Stock Prices Bottom Before Business Cycles

Certainly, the Fed’s 澳洲幸运5开奖号码历史查询:highly accommodat🎉ive monetary policy and backstopping of credit markets have helped to bolster securities prices. But if we’re right that the end of the recession is at hand, it makes perfect sense – in terms of cyclical timing – for stock prices to have turned up in late March, because stock price troughs always lead 澳洲幸运5开奖号码历史查询:business cycle troughs, turning up before a recession has ended. This is the cyclical equivalent of buying when there’s blood in the water. Please recall that equities als♋o bottomed in March 2009, when all the talk was of Depression, three months before the Great Recess൲ion ended in June 2009.

Chart courtesy ECRI
Chart courtesy ECRI.

The recovery from that recession was accompanied by a cyclical upturn in economic growth – a grওowth rate cycle (GRC) upturn – that continued apace well into 2010. So stock prices kept rising. 

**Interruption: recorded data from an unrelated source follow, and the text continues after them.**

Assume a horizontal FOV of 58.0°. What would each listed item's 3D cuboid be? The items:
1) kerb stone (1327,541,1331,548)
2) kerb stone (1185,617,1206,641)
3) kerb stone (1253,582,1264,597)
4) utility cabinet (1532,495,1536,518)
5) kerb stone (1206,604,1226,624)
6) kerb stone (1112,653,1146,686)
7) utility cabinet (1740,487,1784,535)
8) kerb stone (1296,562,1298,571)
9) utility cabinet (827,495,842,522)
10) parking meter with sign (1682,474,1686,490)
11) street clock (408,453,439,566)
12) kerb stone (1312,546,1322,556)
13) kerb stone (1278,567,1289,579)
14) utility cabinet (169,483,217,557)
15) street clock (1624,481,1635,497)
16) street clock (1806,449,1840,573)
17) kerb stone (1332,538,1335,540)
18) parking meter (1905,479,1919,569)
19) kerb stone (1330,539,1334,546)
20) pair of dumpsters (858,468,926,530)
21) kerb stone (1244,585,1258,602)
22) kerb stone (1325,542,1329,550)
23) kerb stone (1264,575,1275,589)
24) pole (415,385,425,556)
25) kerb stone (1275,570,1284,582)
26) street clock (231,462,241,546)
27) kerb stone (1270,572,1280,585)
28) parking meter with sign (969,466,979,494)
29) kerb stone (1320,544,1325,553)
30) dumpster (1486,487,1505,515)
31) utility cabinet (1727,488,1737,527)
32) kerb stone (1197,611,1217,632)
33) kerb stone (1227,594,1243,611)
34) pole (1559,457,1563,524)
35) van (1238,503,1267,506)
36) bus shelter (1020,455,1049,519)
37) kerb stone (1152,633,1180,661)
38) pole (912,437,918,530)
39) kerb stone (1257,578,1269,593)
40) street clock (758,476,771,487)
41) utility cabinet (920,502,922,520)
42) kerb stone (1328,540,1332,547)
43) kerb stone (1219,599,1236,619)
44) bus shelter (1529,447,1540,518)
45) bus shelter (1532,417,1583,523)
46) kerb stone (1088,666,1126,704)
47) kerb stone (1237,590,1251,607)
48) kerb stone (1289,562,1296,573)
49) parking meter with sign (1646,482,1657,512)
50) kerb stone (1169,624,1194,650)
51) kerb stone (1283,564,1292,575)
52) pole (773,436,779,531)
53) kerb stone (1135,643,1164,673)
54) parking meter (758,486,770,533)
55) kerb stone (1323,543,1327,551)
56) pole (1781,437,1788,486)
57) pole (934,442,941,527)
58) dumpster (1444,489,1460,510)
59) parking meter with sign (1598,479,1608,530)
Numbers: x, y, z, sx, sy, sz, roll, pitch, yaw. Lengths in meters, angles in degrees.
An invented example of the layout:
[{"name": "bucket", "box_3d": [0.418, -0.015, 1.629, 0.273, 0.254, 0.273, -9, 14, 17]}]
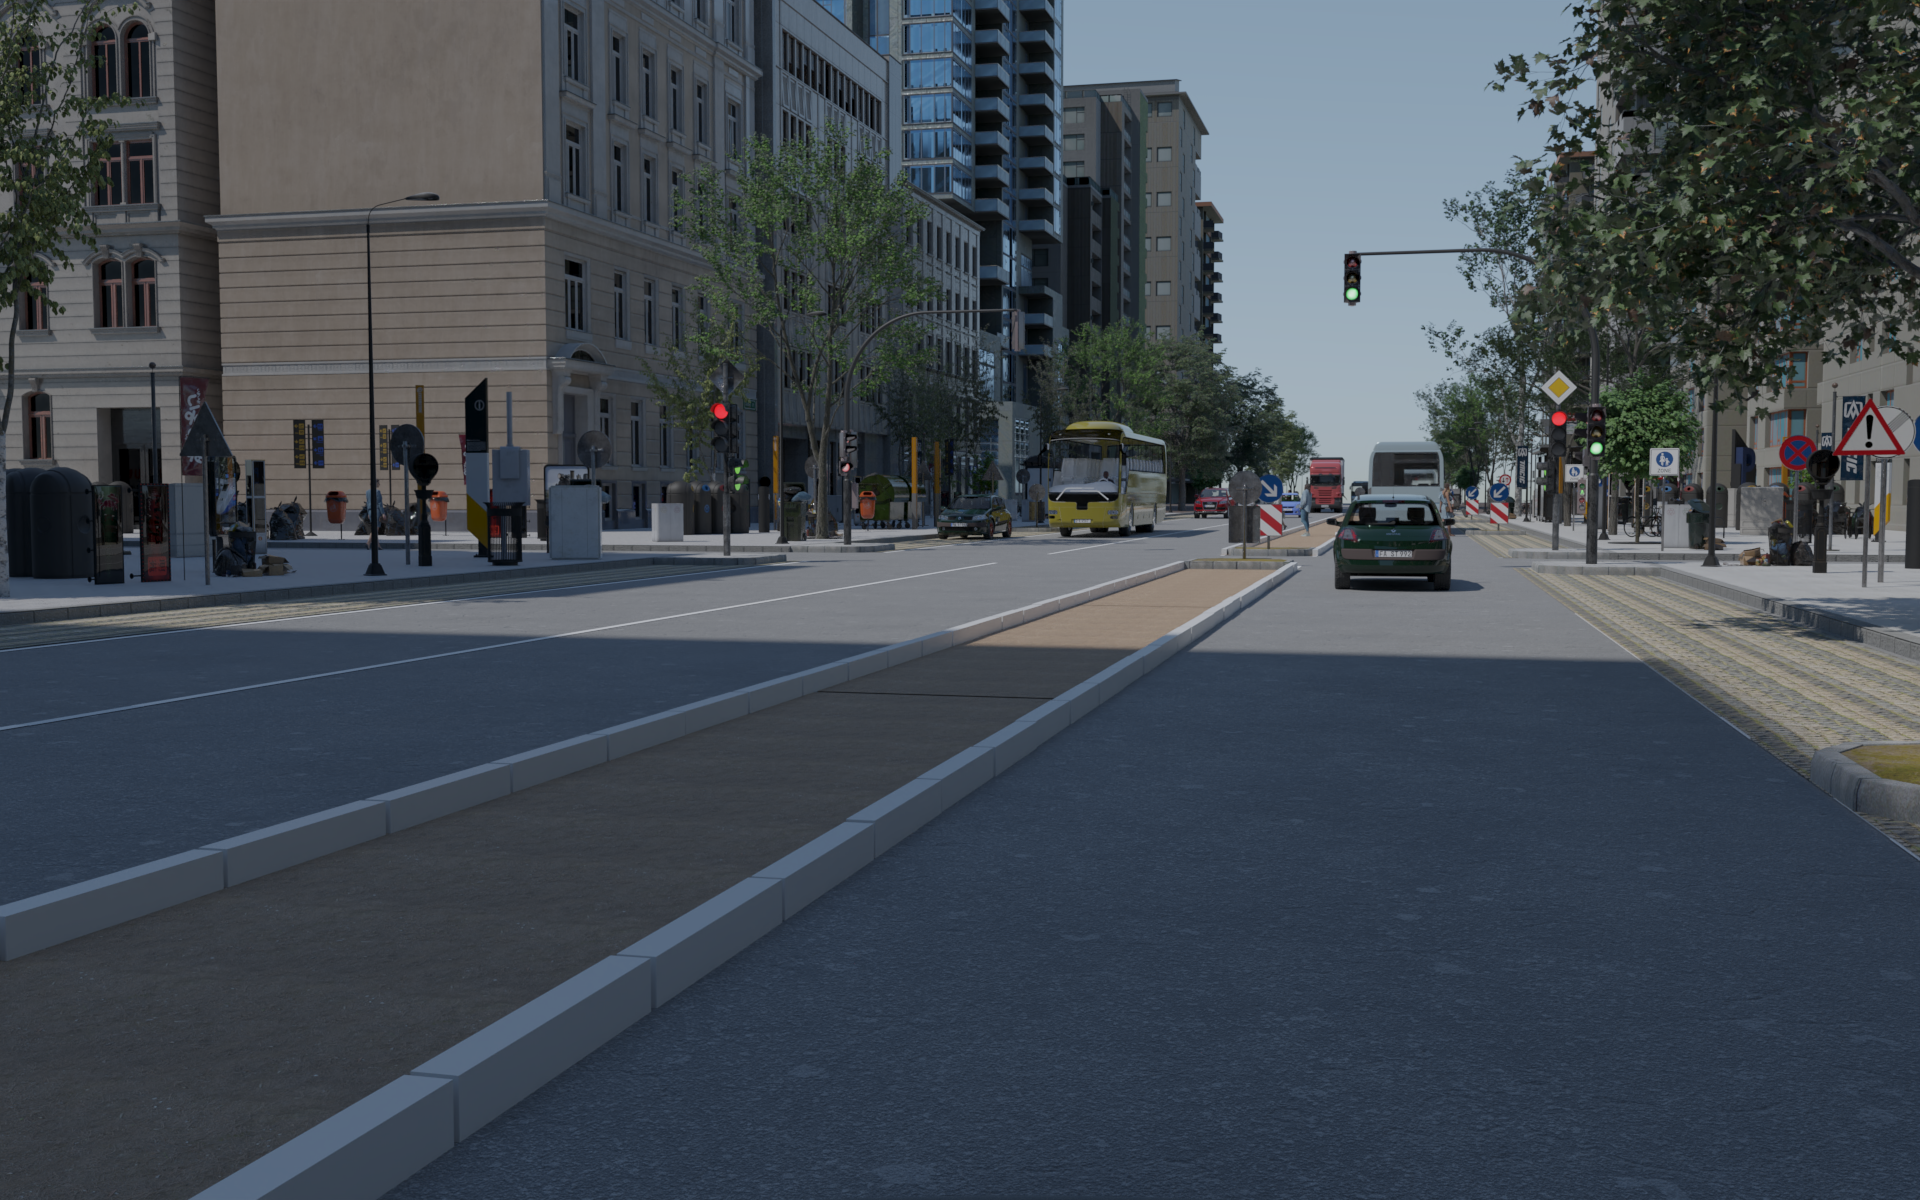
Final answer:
[{"name": "kerb stone", "box_3d": [9.384, -1.362, 44.549, 0.120, 0.150, 1.000, 1, 4, 14]}, {"name": "kerb stone", "box_3d": [2.305, 0.305, 17.217, 0.120, 0.150, 1.000, 1, 4, 14]}, {"name": "kerb stone", "box_3d": [4.104, -0.119, 24.149, 0.120, 0.150, 1.000, 1, 4, 14]}, {"name": "utility cabinet", "box_3d": [31.526, -5.116, 94.814, 0.306, 1.237, 1.020, 2, 4, 23]}, {"name": "kerb stone", "box_3d": [2.808, 0.183, 19.200, 0.120, 0.150, 1.000, 1, 4, 14]}, {"name": "kerb stone", "box_3d": [1.267, 0.549, 13.248, 0.120, 0.150, 1.000, 1, 4, 14]}, {"name": "utility cabinet", "box_3d": [24.766, -2.742, 53.509, 1.173, 1.500, 0.318, 2, 4, 29]}, {"name": "kerb stone", "box_3d": [6.160, -0.604, 32.080, 0.120, 0.150, 1.000, 1, 4, 14]}, {"name": "utility cabinet", "box_3d": [-5.712, -4.184, 79.573, 1.020, 1.237, 0.306, 2, 4, 27]}, {"name": "parking meter with sign", "box_3d": [45.038, -6.796, 107.382, 0.543, 3.016, 1.738, 3, 4, 36]}, {"name": "street clock", "box_3d": [-9.518, -1.602, 30.771, 0.471, 2.002, 0.358, -3, 4, -37]}, {"name": "kerb stone", "box_3d": [8.345, -1.120, 40.564, 0.120, 0.150, 1.000, 1, 4, 14]}, {"name": "kerb stone", "box_3d": [5.387, -0.423, 29.111, 0.120, 0.150, 1.000, 1, 4, 14]}, {"name": "utility cabinet", "box_3d": [-15.682, -1.631, 35.351, 0.318, 1.500, 1.173, 1, 4, 20]}, {"name": "street clock", "box_3d": [30.312, -4.520, 78.468, 0.471, 2.002, 0.358, 1, 4, 18]}, {"name": "street clock", "box_3d": [13.958, -1.437, 28.064, 0.471, 2.002, 0.358, 1, 4, 16]}, {"name": "kerb stone", "box_3d": [10.153, -1.549, 47.523, 0.120, 0.150, 1.000, 1, 4, 14]}, {"name": "parking meter", "box_3d": [16.447, -1.303, 29.721, 0.372, 1.533, 0.369, 0, 3, 0]}, {"name": "kerb stone", "box_3d": [9.900, -1.486, 46.526, 0.120, 0.150, 1.000, 1, 4, 14]}, {"name": "pair of dumpsters", "box_3d": [-2.558, -3.773, 64.175, 1.574, 2.255, 4.437, 1, 4, 14]}, {"name": "kerb stone", "box_3d": [3.845, -0.059, 23.158, 0.120, 0.150, 1.000, 1, 4, 14]}, {"name": "kerb stone", "box_3d": [9.130, -1.301, 43.554, 0.120, 0.150, 1.000, 1, 4, 14]}, {"name": "kerb stone", "box_3d": [4.612, -0.241, 26.132, 0.120, 0.150, 1.000, 1, 4, 14]}, {"name": "pole", "box_3d": [-10.106, -2.364, 32.492, 0.158, 3.312, 0.155, 0, 3, 0]}, {"name": "kerb stone", "box_3d": [5.131, -0.357, 28.119, 0.120, 0.150, 1.000, 1, 4, 14]}, {"name": "street clock", "box_3d": [-15.906, -2.032, 37.800, 0.358, 2.002, 0.471, 0, 4, 5]}, {"name": "kerb stone", "box_3d": [4.877, -0.302, 27.126, 0.120, 0.150, 1.000, 1, 4, 14]}, {"name": "parking meter with sign", "box_3d": [1.271, -6.777, 107.056, 0.543, 3.016, 1.738, -2, 4, -34]}, {"name": "kerb stone", "box_3d": [8.609, -1.184, 41.557, 0.120, 0.150, 1.000, 1, 4, 14]}, {"name": "dumpster", "box_3d": [33.418, -6.241, 107.794, 1.264, 1.857, 1.865, 1, 4, 14]}, {"name": "utility cabinet", "box_3d": [30.128, -3.613, 67.752, 0.318, 1.500, 1.173, 0, 4, -4]}, {"name": "kerb stone", "box_3d": [2.560, 0.246, 18.209, 0.120, 0.150, 1.000, 1, 4, 14]}, {"name": "kerb stone", "box_3d": [3.317, 0.062, 21.181, 0.120, 0.150, 1.000, 1, 4, 14]}, {"name": "pole", "box_3d": [25.738, -4.919, 74.273, 0.158, 3.312, 0.155, 0, 3, 0]}, {"name": "van", "box_3d": [20.489, -6.988, 121.260, 2.013, 2.044, 4.112, 1, 4, 16]}, {"name": "bus shelter", "box_3d": [4.746, -6.026, 92.452, 2.014, 3.302, 5.546, 1, 4, 14]}, {"name": "kerb stone", "box_3d": [1.786, 0.426, 15.226, 0.120, 0.150, 1.000, 1, 4, 14]}, {"name": "pole", "box_3d": [-1.631, -4.189, 62.333, 0.158, 3.312, 0.155, 0, 3, 0]}, {"name": "kerb stone", "box_3d": [4.354, -0.180, 25.143, 0.120, 0.150, 1.000, 1, 4, 14]}, {"name": "street clock", "box_3d": [-7.967, -4.039, 70.605, 0.471, 2.002, 0.358, -2, 4, -25]}, {"name": "utility cabinet", "box_3d": [-2.030, -4.516, 84.994, 0.306, 1.237, 1.020, 1, 4, 16]}, {"name": "kerb stone", "box_3d": [9.637, -1.425, 45.539, 0.120, 0.150, 1.000, 1, 4, 14]}, {"name": "kerb stone", "box_3d": [3.074, 0.123, 20.188, 0.120, 0.150, 1.000, 1, 4, 14]}, {"name": "bus shelter", "box_3d": [30.386, -6.000, 89.378, 1.731, 3.624, 6.357, 1, 4, 14]}, {"name": "bus shelter", "box_3d": [28.012, -6.337, 81.250, 2.179, 5.291, 8.768, 1, 4, 15]}, {"name": "kerb stone", "box_3d": [1.016, 0.608, 12.257, 0.120, 0.150, 1.000, 1, 4, 14]}, {"name": "kerb stone", "box_3d": [3.590, 0.002, 22.168, 0.120, 0.150, 1.000, 1, 4, 14]}, {"name": "kerb stone", "box_3d": [5.893, -0.544, 31.094, 0.120, 0.150, 1.000, 1, 4, 14]}, {"name": "parking meter with sign", "box_3d": [42.445, -6.816, 107.699, 1.738, 3.016, 0.543, 2, 4, 25]}, {"name": "kerb stone", "box_3d": [2.044, 0.365, 16.223, 0.120, 0.150, 1.000, 1, 4, 14]}, {"name": "kerb stone", "box_3d": [5.638, -0.484, 30.102, 0.120, 0.150, 1.000, 1, 4, 14]}, {"name": "pole", "box_3d": [-6.467, -4.103, 60.922, 0.158, 3.312, 0.155, 0, 3, 0]}, {"name": "kerb stone", "box_3d": [1.531, 0.489, 14.236, 0.120, 0.150, 1.000, 1, 4, 14]}, {"name": "parking meter", "box_3d": [-6.524, -3.012, 57.663, 0.372, 1.533, 0.369, 0, 3, 0]}, {"name": "kerb stone", "box_3d": [8.867, -1.239, 42.566, 0.120, 0.150, 1.000, 1, 4, 14]}, {"name": "pole", "box_3d": [29.295, -4.142, 61.564, 0.158, 3.312, 0.155, 0, 3, 0]}, {"name": "pole", "box_3d": [-0.922, -4.512, 67.622, 0.158, 3.312, 0.155, 0, 3, 0]}, {"name": "dumpster", "box_3d": [39.061, -7.970, 138.532, 1.865, 1.857, 1.264, 1, 4, 16]}, {"name": "parking meter with sign", "box_3d": [23.228, -4.074, 62.867, 0.543, 3.016, 1.738, 2, 4, 31]}]

But♉ the recovery from the 2001 recession presents a very different scenario. During that episode, the recession ended in November 2001, and the S&P 500 turned up the week after the 9/11 attacks. But, after initially rallying over 20% through early January 2002, it turned down, plunging to a lower low by October 2002, far below the September low that anticipated the end of the 2001 recession. 

What happened was that a fresh slowdown in economic growth – a new GRC downturn – started in mid-2002. That prospect was enough to trigger a new stock price downturn. That it fell well below September 2001 levels had to do with the extreme overvaluation of equities in the 澳洲幸运5开奖号码历史查询:dotcom boom that hadn’t been fully squeez🃏e༒d out earlier. 

2009-10, or 2001-02?

So, the key question today is, are we in for a 2009-10 scenario, when stock prices essentially kept rising? Or are we facing a 2001-02 scenario, where we’ll have a fresh GRC downturn, possibly brought on by an unexpectedly large spike in infections or a second wa🔯ve of the pandemic that heightens fear or uncertainty, or a fresh round of job 🤪losses later this year? 

It’s too soon to tell, but this will be the question everyone wrestles with over the summer and into the fall. From our cyclical perspective, if such a fresh slowdown were to appear on the horizon after a recovery begi𒁏ns, as in 2002, our leading inde🐻xes will flag that promptly.

[ECRI co-founder, Anirvan Banerji contributed to this column.]